> [Task prompt] Copy the data exactly, pictures aside.

> [The data]
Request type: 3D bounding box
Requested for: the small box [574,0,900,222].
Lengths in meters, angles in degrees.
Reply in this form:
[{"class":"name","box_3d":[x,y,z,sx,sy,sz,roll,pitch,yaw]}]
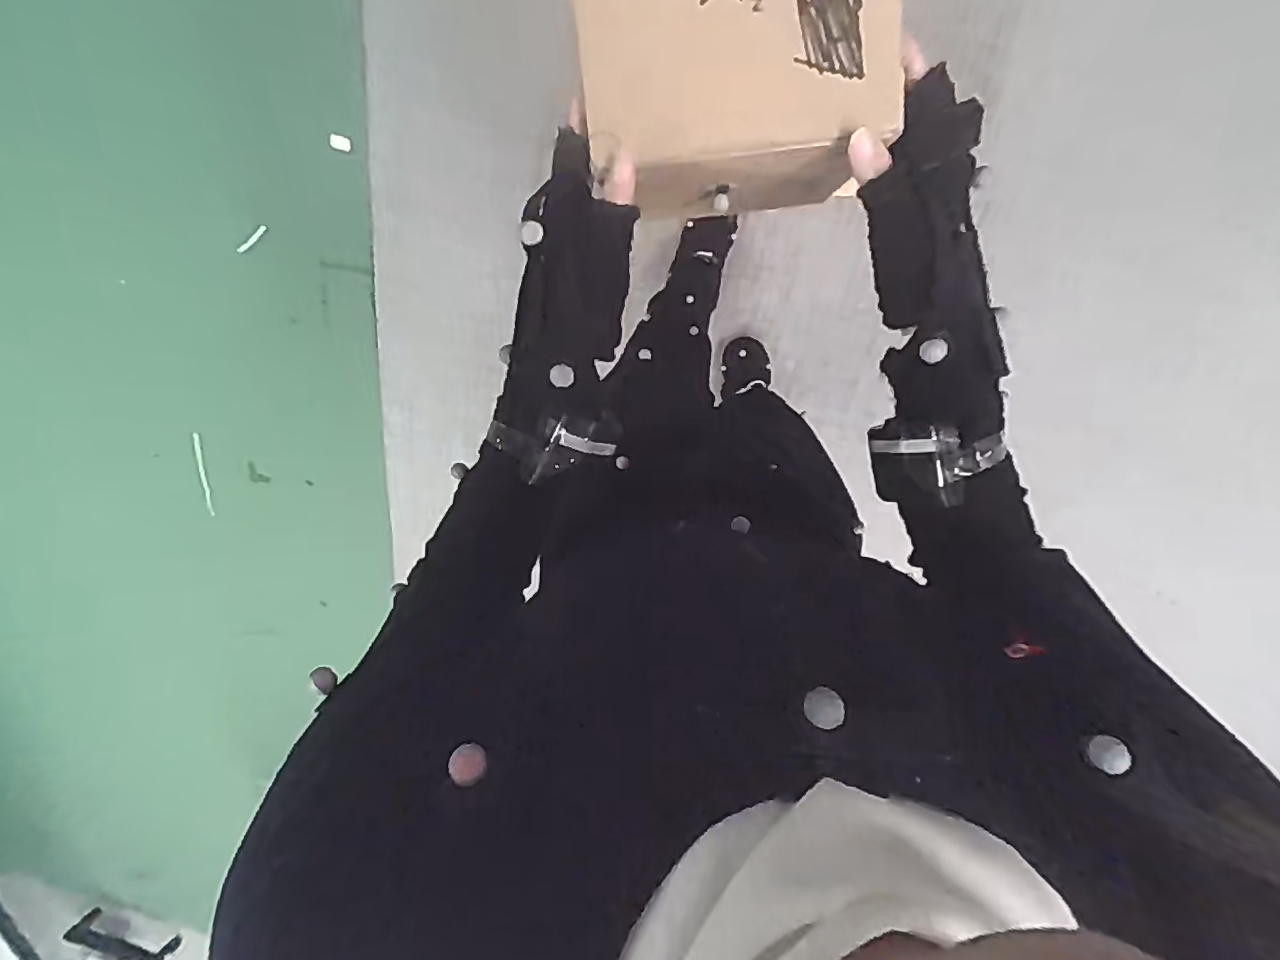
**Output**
[{"class":"small box","box_3d":[0.056,-0.286,0.367,0.179,0.176,0.168,-4,104,6]}]
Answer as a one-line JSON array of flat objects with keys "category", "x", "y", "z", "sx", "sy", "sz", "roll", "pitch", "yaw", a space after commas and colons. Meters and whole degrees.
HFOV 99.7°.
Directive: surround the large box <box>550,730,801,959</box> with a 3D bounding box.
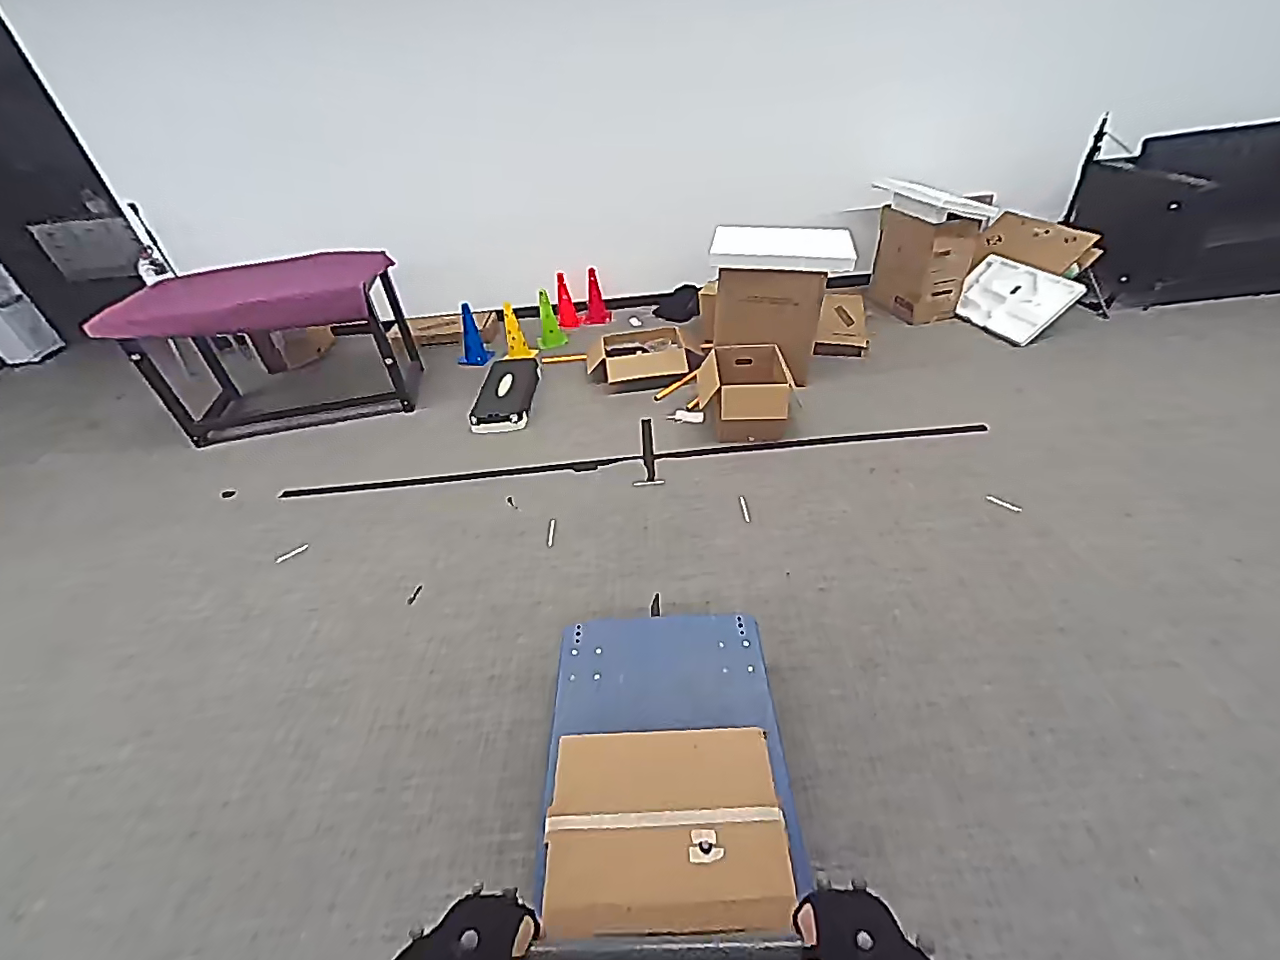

> [Exercise output]
Request type: 3D bounding box
Requested for: the small box [574,0,900,222].
Lengths in meters, angles in degrees.
Reply in this form:
[{"class":"name","box_3d":[x,y,z,sx,sy,sz,roll,pitch,yaw]}]
**Output**
[{"class":"small box","box_3d":[0.056,-0.286,0.367,0.179,0.176,0.168,-4,104,6]}]
Answer as a one-line JSON array of flat objects with keys "category", "x", "y", "z", "sx", "sy", "sz", "roll", "pitch", "yaw", a space after commas and colons. Meters and whole degrees.
HFOV 99.7°.
Directive: surround the large box <box>550,730,801,959</box> with a 3D bounding box.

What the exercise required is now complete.